If, on the other hand, expectations were that the Obama Administration would change its position specifically in the case in the Ninth Circuit because it was legally erroneous to apply the state secrets doctrine to that case – the position that the ACLU takes in the case – then that is a different matter.  Sizing up that expectation requires an examination of the particular facts of the Ninth Circuit case, and that is the topic for tomorrow’s post.

No Change in State Secrets …. Yet

February 10, 2009

Five men who claim to have been seized by United States personnel and then flown to CIA “black sites” are suing a Boeing subsidiary for its participation in these actions - “extraordinary renditions” in the parlance of the war on terror.  The United States intervened in the case, claiming that it must be thrown out of court because allowing it to proceed violates the state secrets doctrine.  The federal district court judge agreed with the government and the plaintiffs appealed, hoping for a different result in the Ninth Circuit court of appeals. 

As important, with President Obama’s emphasis on transparency and accountability, the plaintiffs were anticipating a change in the government’s position.   But when Doug Letter, a seasoned career DOJ appellate lawyer, stood up before the Ninth Circuit panel yesterday, he announced that the government’s position remained the same.  The New York Times story is here

Many observers are convinced that the Bush Administration misused the state secrets doctrine to prevent judicial inquiry into matters whose examination would pose little or no threat to national security.  As Senator Kennedy has said, “If the privilege is not applied carefully, the government can use it as a tool for cover-up, by withholding evidence that is not actually sensitive. The state secrets privilege is important, but there’s a risk it will be overused and abused.”  If that is what the Bush Administration has been doing in any particular case, the Obama Administration does indeed need to change.  From this perspective, the decision to stick to the old position in Mohamed v. Jeppesen Dataplan is unsettling.

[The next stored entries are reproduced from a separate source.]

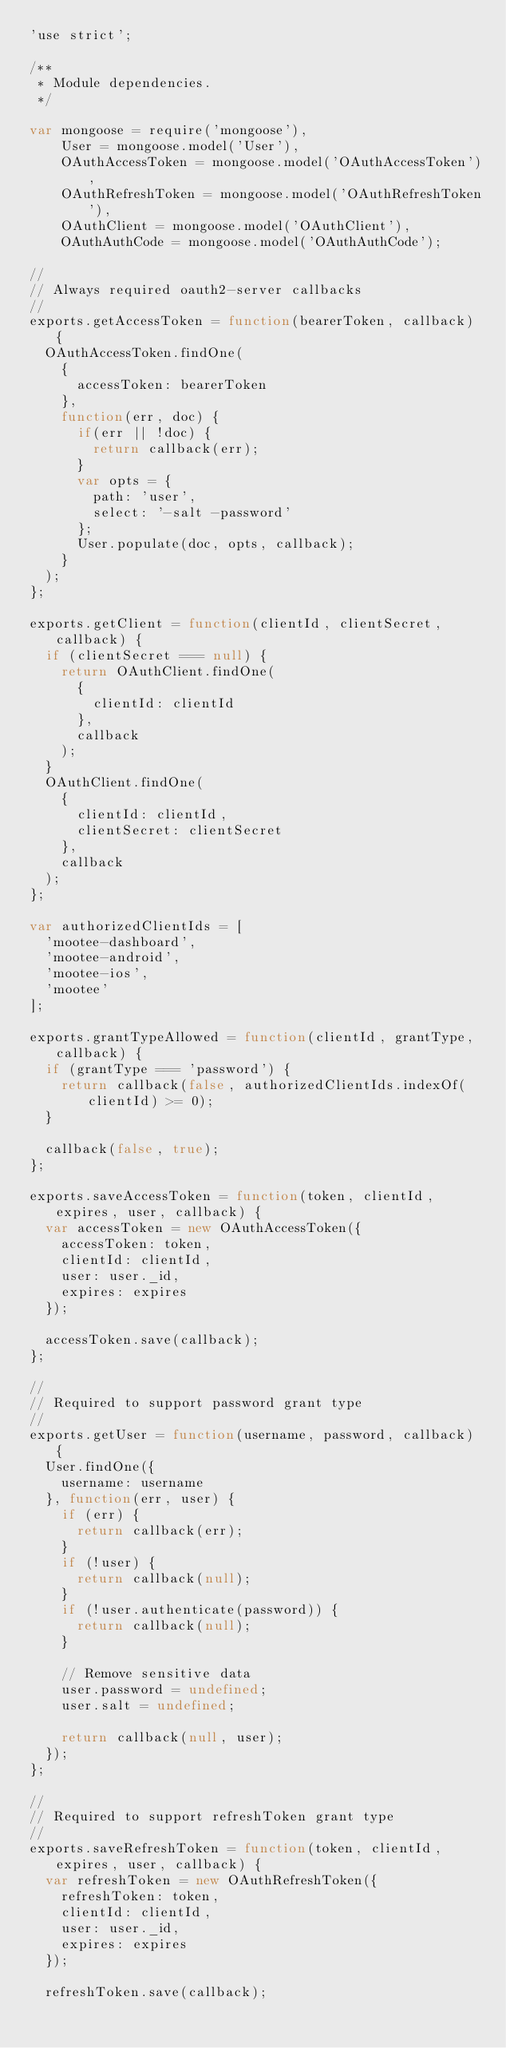Convert code to text. <code><loc_0><loc_0><loc_500><loc_500><_JavaScript_>'use strict';

/**
 * Module dependencies.
 */

var mongoose = require('mongoose'),
    User = mongoose.model('User'),
    OAuthAccessToken = mongoose.model('OAuthAccessToken'),
    OAuthRefreshToken = mongoose.model('OAuthRefreshToken'),
    OAuthClient = mongoose.model('OAuthClient'),
    OAuthAuthCode = mongoose.model('OAuthAuthCode');

//
// Always required oauth2-server callbacks
//
exports.getAccessToken = function(bearerToken, callback) {
  OAuthAccessToken.findOne(
    {
      accessToken: bearerToken
    },
    function(err, doc) {
      if(err || !doc) {
        return callback(err);
      }
      var opts = {
        path: 'user',
        select: '-salt -password'
      };
      User.populate(doc, opts, callback);
    }
  );
};

exports.getClient = function(clientId, clientSecret, callback) {
  if (clientSecret === null) {
    return OAuthClient.findOne(
      {
        clientId: clientId
      },
      callback
    );
  }
  OAuthClient.findOne(
    {
      clientId: clientId,
      clientSecret: clientSecret
    },
    callback
  );
};

var authorizedClientIds = [
  'mootee-dashboard',
  'mootee-android',
  'mootee-ios',
  'mootee'
];

exports.grantTypeAllowed = function(clientId, grantType, callback) {
  if (grantType === 'password') {
    return callback(false, authorizedClientIds.indexOf(clientId) >= 0);
  }

  callback(false, true);
};

exports.saveAccessToken = function(token, clientId, expires, user, callback) {
  var accessToken = new OAuthAccessToken({
    accessToken: token,
    clientId: clientId,
    user: user._id,
    expires: expires
  });

  accessToken.save(callback);
};

//
// Required to support password grant type
//
exports.getUser = function(username, password, callback) {
  User.findOne({
    username: username
  }, function(err, user) {
    if (err) {
      return callback(err);
    }
    if (!user) {
      return callback(null);
    }
    if (!user.authenticate(password)) {
      return callback(null);
    }

    // Remove sensitive data
    user.password = undefined;
    user.salt = undefined;

    return callback(null, user);
  });
};

//
// Required to support refreshToken grant type
//
exports.saveRefreshToken = function(token, clientId, expires, user, callback) {
  var refreshToken = new OAuthRefreshToken({
    refreshToken: token,
    clientId: clientId,
    user: user._id,
    expires: expires
  });

  refreshToken.save(callback);</code> 
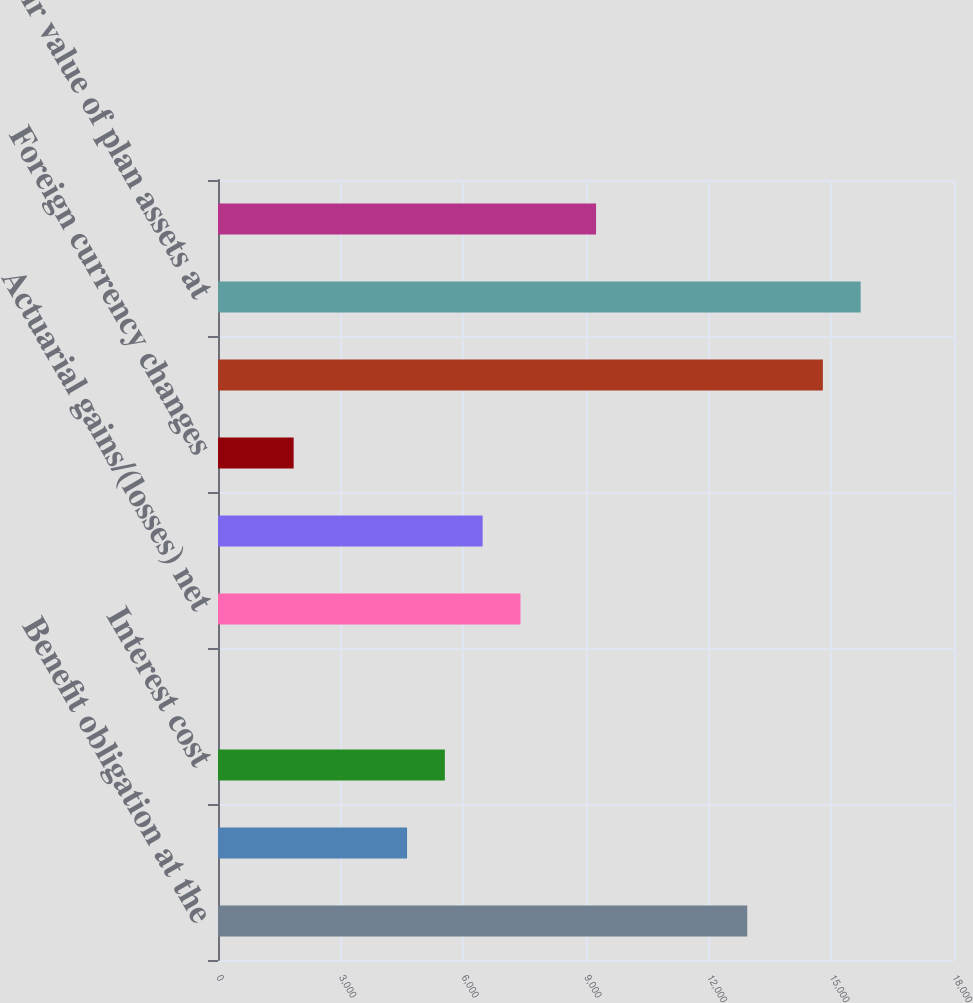<chart> <loc_0><loc_0><loc_500><loc_500><bar_chart><fcel>Benefit obligation at the<fcel>Service cost<fcel>Interest cost<fcel>Plan participants'<fcel>Actuarial gains/(losses) net<fcel>Benefits paid<fcel>Foreign currency changes<fcel>Benefit obligation at end of<fcel>Fair value of plan assets at<fcel>Actual return on plan assets<nl><fcel>12944<fcel>4623.5<fcel>5548<fcel>1<fcel>7397<fcel>6472.5<fcel>1850<fcel>14793<fcel>15717.5<fcel>9246<nl></chart> 
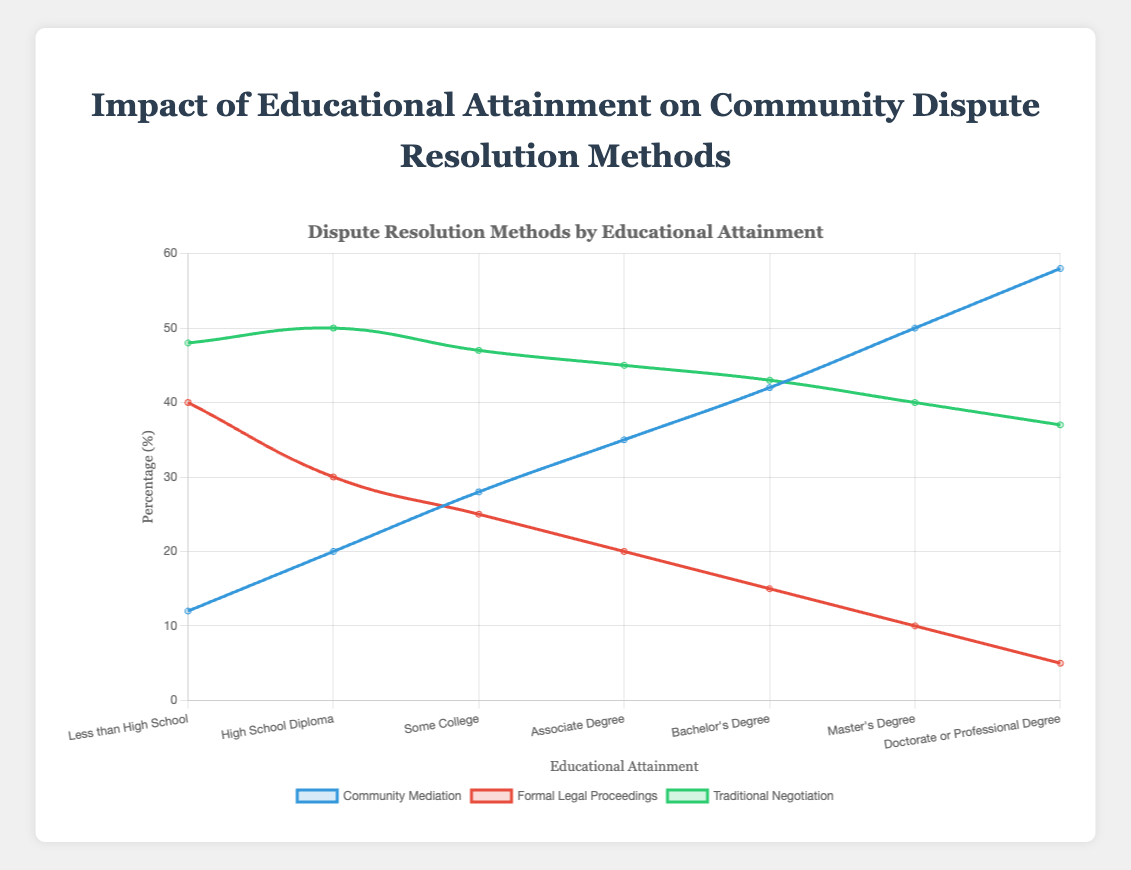What is the percentage of people with a Doctorate or Professional Degree who use Community Mediation? To find the percentage, look at the data for "Doctorate or Professional Degree" on the "Community Mediation" curve. The value is 58%.
Answer: 58% Which educational group has the highest percentage of Traditional Negotiation usage? Check each educational level to identify the highest value in the "Traditional Negotiation" curve. "High School Diploma" has the highest value at 50%.
Answer: High School Diploma What is the difference in percentage between Formal Legal Proceedings and Community Mediation for people with a Master's Degree? For the Master's Degree group, subtract the percentage of "Formal Legal Proceedings" from "Community Mediation": 50% - 10% = 40%.
Answer: 40% What is the trend for Community Mediation as educational attainment increases? As educational attainment increases, observe the "Community Mediation" curve. The trend shows a consistent increase in percentage.
Answer: Increases How does the preference for Formal Legal Proceedings change as educational attainment rises? Look at the "Formal Legal Proceedings" curve across different educational levels. It shows a decreasing trend as educational attainment increases.
Answer: Decreases Which method of dispute resolution is more common among those with an Associate Degree: Community Mediation or Traditional Negotiation? Check the percentages for "Community Mediation" and "Traditional Negotiation" for "Associate Degree". "Traditional Negotiation" is 45%, and "Community Mediation" is 35%.
Answer: Traditional Negotiation Calculate the average percentage of Community Mediation for all educational levels. Sum all percentages (12 + 20 + 28 + 35 + 42 + 50 + 58 = 245) and divide by the number of levels (7): 245 / 7 ≈ 35%.
Answer: 35% Compare the usage of Traditional Negotiation between people with "Less than High School" and "Bachelor's Degree". Compare the percentages: "Less than High School" is 48%, and "Bachelor's Degree" is 43%. 48% > 43%.
Answer: Less than High School What is the sum of percentages for all three methods of dispute resolution in the "Some College" category? Add percentages for "Some College" across all methods: 28 + 25 + 47 = 100%.
Answer: 100% Which dispute resolution method’s curve is represented by the green color? Identify the curve colored green. The "Traditional Negotiation" method is represented in green.
Answer: Traditional Negotiation 
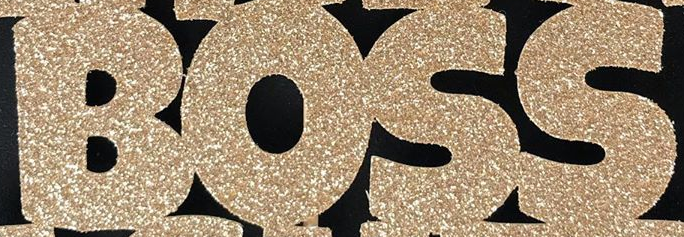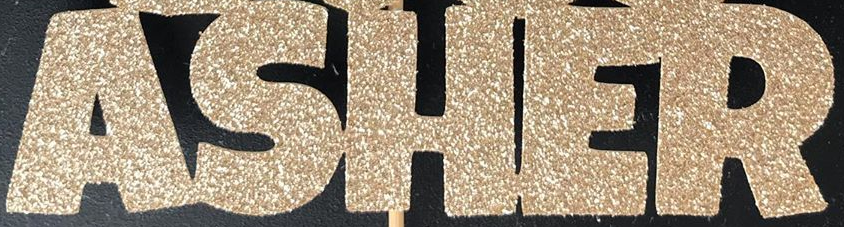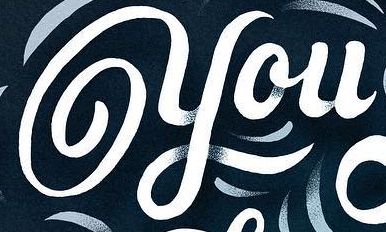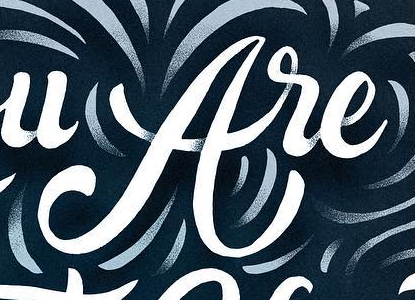Transcribe the words shown in these images in order, separated by a semicolon. BOSS; ASHER; you; are 
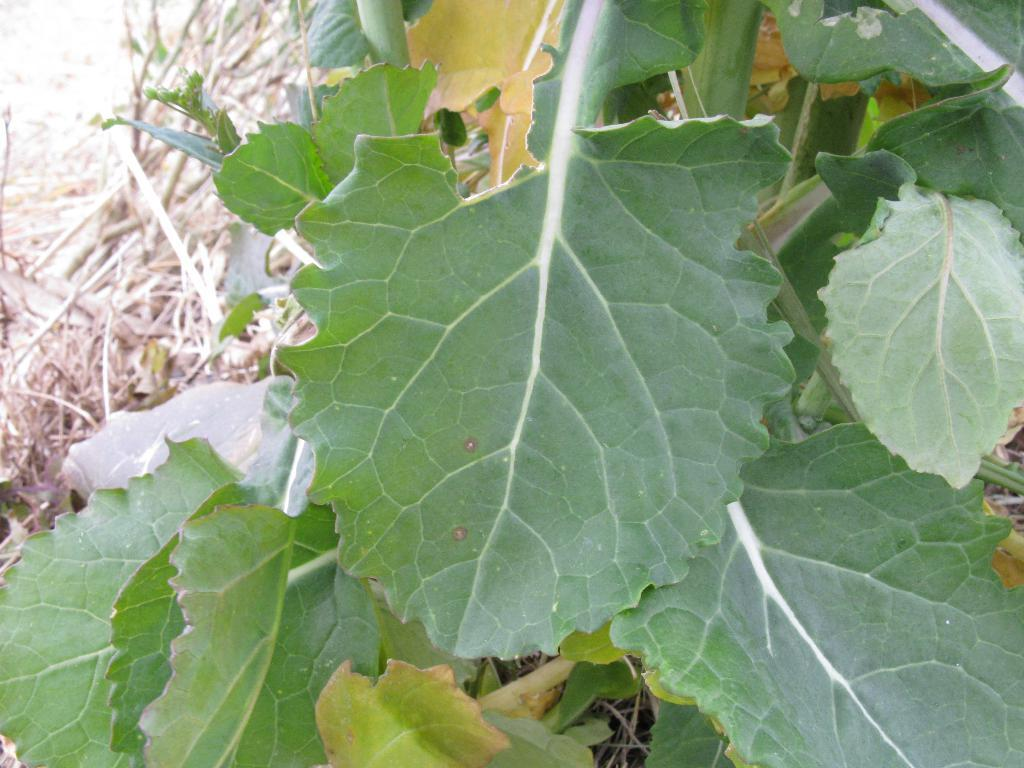What type of plant is present in the image? There is a tree with green leaves in the image. What is the condition of the grass in the image? There is dry grass on the ground in the image. Where is the shop located in the image? There is no shop present in the image. Can you see someone kicking the tree in the image? There is no person or action of kicking in the image. 
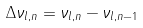Convert formula to latex. <formula><loc_0><loc_0><loc_500><loc_500>\Delta \nu _ { l , n } = \nu _ { l , n } - \nu _ { l , n - 1 }</formula> 
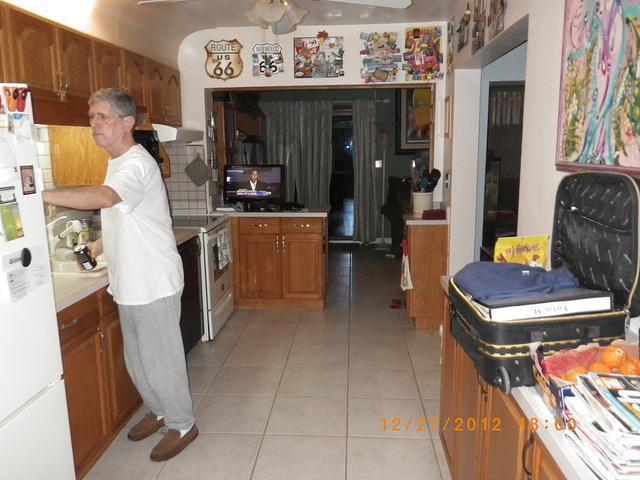How many people are present?
Give a very brief answer. 1. How many books are in the photo?
Give a very brief answer. 2. How many tvs are visible?
Give a very brief answer. 1. How many refrigerators are in the picture?
Give a very brief answer. 1. 
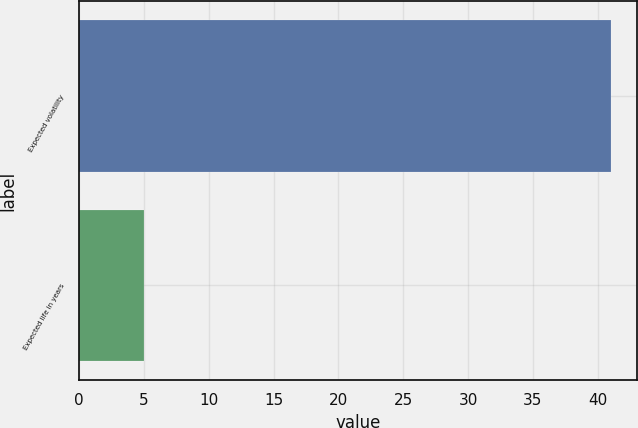Convert chart to OTSL. <chart><loc_0><loc_0><loc_500><loc_500><bar_chart><fcel>Expected volatility<fcel>Expected life in years<nl><fcel>41<fcel>5<nl></chart>

 That said, it is much too early to draw any large conclusions from this single incident.  The Justice Department is an inherently conservative organization - not in the sense of conservative versus liberal, but in the sense of being slow to make significant changes of position rapidly.  That characteristic has many benefits in terms of following the rule of law and treating like cases alike.  As frustrating as it is for those who have waited eight years for better management of our Justice Department, the Department does need the benefit of additional time to reconsider its approach to state secrets.  Although Eric Holder has been confirmed by the Senate, the heads of the National Security Division, the Office of Legal Counsel, the Solicitor General and the Deputy Attorney General are all awaiting confirmation - until these key DOJ leaders are in place, the full scale deliberations and review that ought to precede sound and sober decision making cannot take place.  They ought to be expeditious, however.  The use of state secrets doctrine to block law suits has become a major litigating tactic and Senator Kennedy’s worry that it can be misused is justified.  The Ninth Circuit action may prompt the reintroduction of Senator Kennedy’s State Secrets Protection Act, which provides judges additional tools to scrutinize and control excessive uses of the doctrine.